Conhecido por mapear afetos na mesma medida em que aborda temas sociais pertinentes, o japonês Hirokazu Koreeda continua a sua viagem pelo universo da identidade familiar, fugindo da tradição clássica que se agarra exclusivamente aos laços sanguíneos. “Broker” continua esse percurso, um percurso que dedica especial atenção à infância, num gesto que até é anterior a “Shoplifters: Uma Família de Pequenos Ladrões” mas que acabou por ganhar força nesse filme pelo seu palmarés (venceu justamente a Palma de Ouro em Cannes), assinalando também aquela que é a segunda incursão do cineasta para fora do Japão, isto depois de já ter visitado a França com “A Verdade”.

Agora na vizinha Coreia do Sul,  Koreeda,  cineasta riquíssimo na coreografia dos gestos (veja-se aquele genial momento num teleférico), com uma atenção bem além daquela que costuma dedicar nos seus guiões aos diálogos e à própria linguagem, toma como premissa umas caixas que são deixadas a céu aberto onde as pessoas podem colocar anonimamente os seus bebés indesejados.
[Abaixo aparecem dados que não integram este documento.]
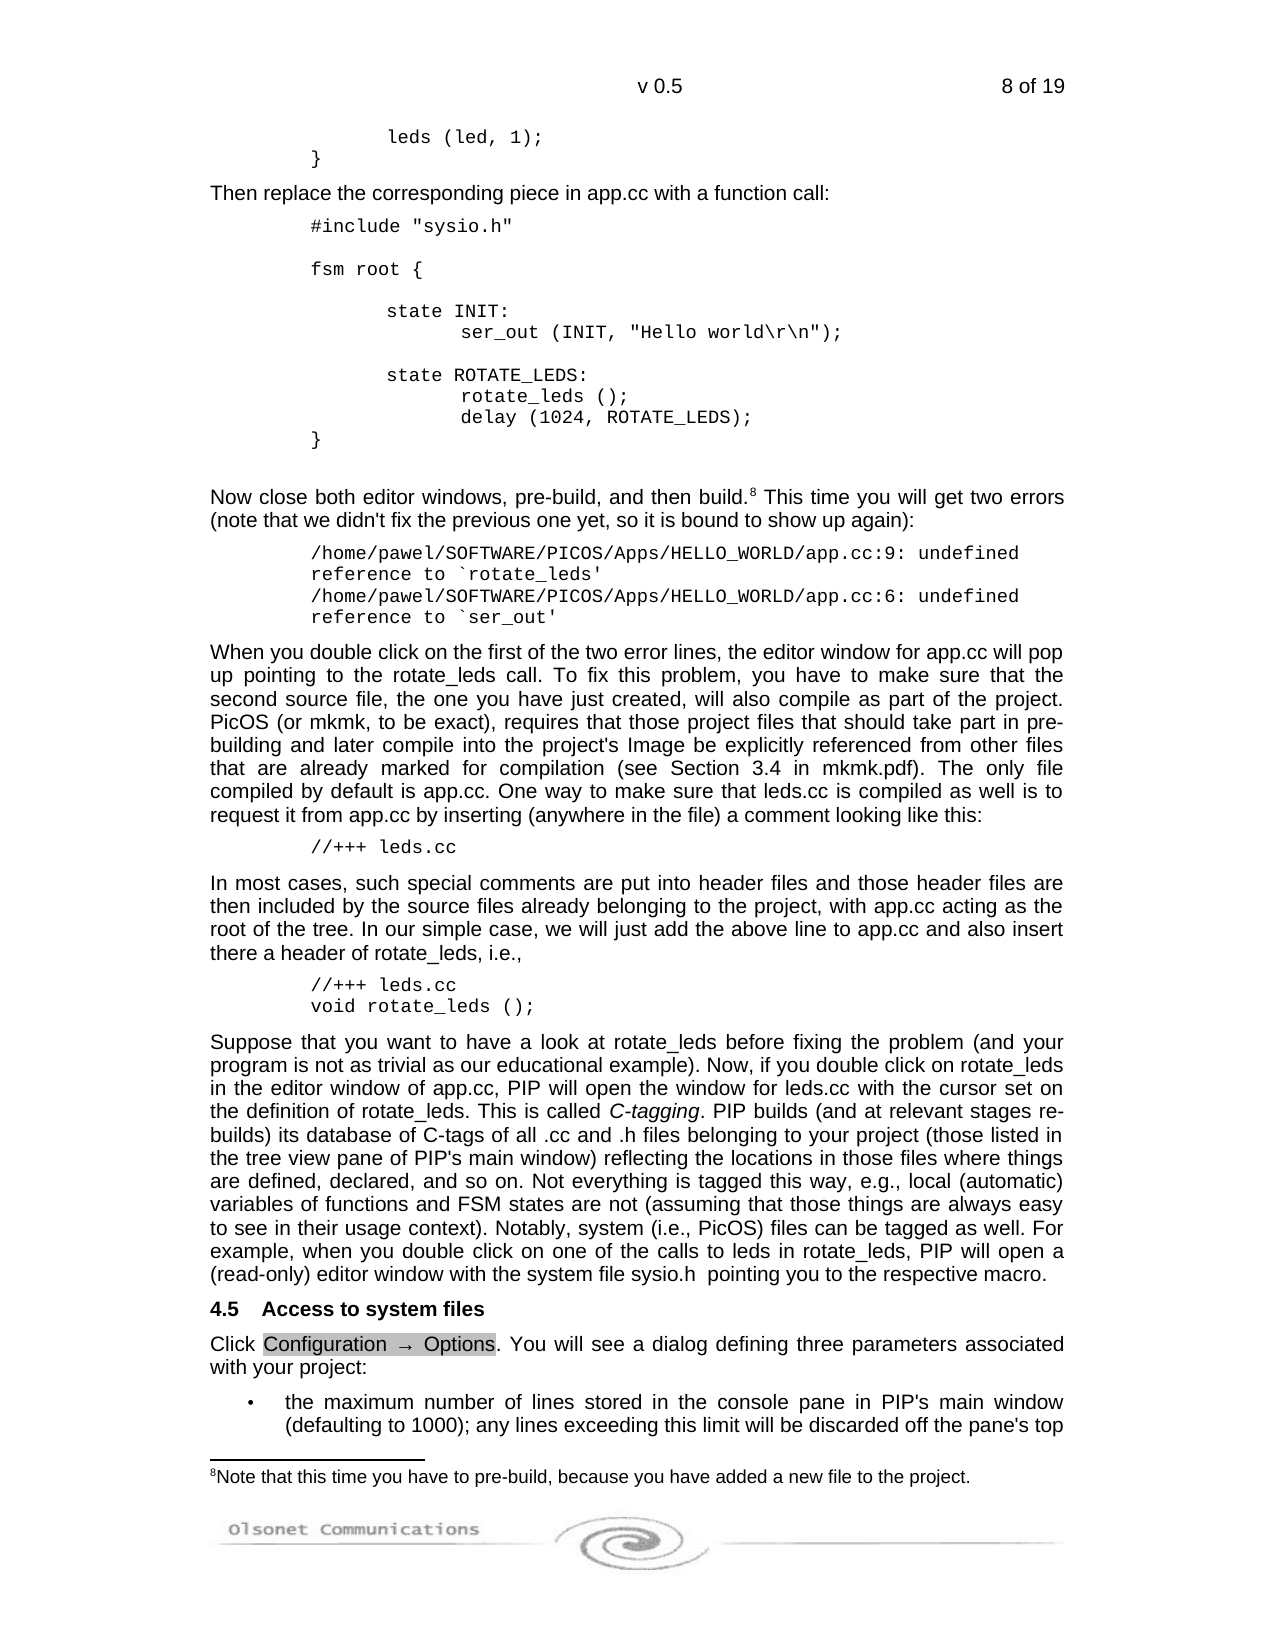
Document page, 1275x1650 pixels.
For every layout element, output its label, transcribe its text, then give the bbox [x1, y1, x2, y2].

text Note that this time you have to pre-build, because you have added a new file to the project. [210, 1466, 1065, 1487]
text //+++ leds.cc [310, 976, 1065, 997]
text Now close both editor windows, pre-build, and then build. This time you will get two errors (note that we didn't fix the previous one yet, so it is bound to show up again): [210, 486, 1065, 532]
text Click Configuration → Options. You will see a dialog defining three parameters associated with your project: [210, 1333, 1065, 1379]
text delay (1024, ROTATE_LEDS); [310, 408, 1065, 429]
text In most cases, such special comments are put into header files and those header files are then included by the source files already belonging to the project, with app.cc acting as the root of the tree. In our simple case, we will just add the above line to app.cc and also insert there a header of rotate_leds, i.e., [210, 871, 1065, 964]
subtitle Access to system files [210, 1298, 1065, 1321]
text Then replace the corresponding piece in app.cc with a function call: [210, 182, 1065, 205]
text state ROTATE_LEDS: [310, 366, 1065, 387]
text } [310, 429, 1065, 451]
list the maximum number of lines stored in the console pane in PIP's main window (defaulting to 1000); any lines exceeding this limit will be discarded off the pane's top [247, 1391, 1065, 1437]
text When you double click on the first of the two error lines, the editor window for app.cc will pop up pointing to the rotate_leds call. To fix this problem, you have to make sure that the second source file, the one you have just created, will also compile as part of the project. PicOS (or mkmk, to be exact), requires that those project files that should take part in pre-building and later compile into the project's Image be explicitly referenced from other files that are already marked for compilation (see Section 3.4 in mkmk.pdf). The only file compiled by default is app.cc. One way to make sure that leds.cc is compiled as well is to request it from app.cc by inserting (anywhere in the file) a comment looking like this: [210, 641, 1065, 827]
text } [310, 149, 1065, 170]
text /home/pawel/SOFTWARE/PICOS/Apps/HELLO_WORLD/app.cc:9: undefined reference to `rotate_leds' [310, 544, 1065, 586]
text //+++ leds.cc [310, 838, 1065, 859]
text /home/pawel/SOFTWARE/PICOS/Apps/HELLO_WORLD/app.cc:6: undefined reference to `ser_out' [310, 586, 1065, 629]
text void rotate_leds (); [310, 997, 1065, 1018]
text Suppose that you want to have a look at rotate_leds before fixing the problem (and your program is not as trivial as our educational example). Now, if you double click on rotate_leds in the editor window of app.cc, PIP will open the window for leds.cc with the cursor set on the definition of rotate_leds. This is called C-tagging. PIP builds (and at relevant stages re-builds) its database of C-tags of all .cc and .h files belonging to your project (those listed in the tree view pane of PIP's main window) reflecting the locations in those files where things are defined, declared, and so on. Not everything is tagged this way, e.g., local (automatic) variables of functions and FSM states are not (assuming that those things are always easy to see in their usage context). Notably, system (i.e., PicOS) files can be tagged as well. For example, when you double click on one of the calls to leds in rotate_leds, PIP will open a (read-only) editor window with the system file sysio.h pointing you to the respective macro. [210, 1030, 1065, 1286]
text ser_out (INIT, "Hello world\r\n"); [310, 323, 1065, 344]
text #include "sysio.h" [310, 217, 1065, 238]
text rotate_leds (); [310, 387, 1065, 408]
picture [210, 1501, 1065, 1593]
text leds (led, 1); [310, 128, 1065, 149]
text fsm root { [310, 259, 1065, 281]
text state INIT: [310, 302, 1065, 323]

É a partir do “depósito” de uma criança (Woo-sung) numa dessas caixas que vamos conhecer uma série de personagens unidas por essa decisão. Em primeiro lugar, a mãe da criança, So-young (Lee Ji-eun), que se arrepende do que fez e que ao voltar atrás da decisão é confrontada com dois homens: Sang-hyun (a estrela de “Parasitas” que aqui viu a sua interpretação reconhecida com a Palma de Ouro”, Song Kang-ho) e Dong-soo (Gang Dong-won), parceiros de negócios na venda de bebés no mercado negro. Quem está à espera de um duo mercantilista e durão nesse negócio condenável, cedo se apercebe não ser esse caso: o que os move, e principalmente Dong-soo, também ele um órfão, é afastar as crianças dessa rota de orfanatos, de esquemas burocráticos e de vidas em suspenso, numa longa espera sem verdadeiro afeto familiar. Eventualmente a dupla consegue convencer a jovem mãe a acompanhá-los nessa demanda, a de encontrar uma família com condições para Woo-sung, acabando todos eles perseguidos por duas agentes lideradas por  Su-jin (Doona Bae), que quer apanhar os vendedores em flagrante para os poder prender.
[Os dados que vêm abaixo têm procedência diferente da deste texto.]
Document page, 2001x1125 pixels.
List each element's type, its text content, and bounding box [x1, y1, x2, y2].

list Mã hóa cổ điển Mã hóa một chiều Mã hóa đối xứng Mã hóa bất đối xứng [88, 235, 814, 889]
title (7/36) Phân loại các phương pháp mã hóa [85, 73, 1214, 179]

Tal como “Shoplifters: Uma Família de Pequenos Ladrões”, existe uma dimensão de pessoas que opera fora da lei, mas que esconde por baixo dessa capa óbvia motivações muito pessoais. E isso também atinge Su-jin, também ela com razões pessoais na sua inabalável convicção de travar o trio, mesmo depois do comportamento dos foragidos ter revelado uma intensa nuvem cinzenta, ao ponto de gerar ambiguidades na postura do espectador perante os eventos.

Mas o coração do filme está mesmo no trio adulto, no bebé, e num pequeno rapaz, também ele órfão, que unidos numa road trip particular formam uma nova família artificial, unida pelo coração e amor ao bebé.

Como é seu apanágio, Hirokazu Koreeda aborda a mise-en-scène com a delicadeza e discrição que lhe é reconhecida, depositando nos atores e nos seus pequenos gestos a empatia necessária para cativar o espectador. E aliado a isso, um guião rico em diálogos sutis, e uma banda-sonora capaz de se agarrar às cenas e ao espectador, produzem um dos filmes mais bonitos do Festival de Cannes, mesmo que apenas sublinhe o trabalho que o cineasta tem feito ao longo de toda a carreira, ao invés de apontar uma qualquer nova direção.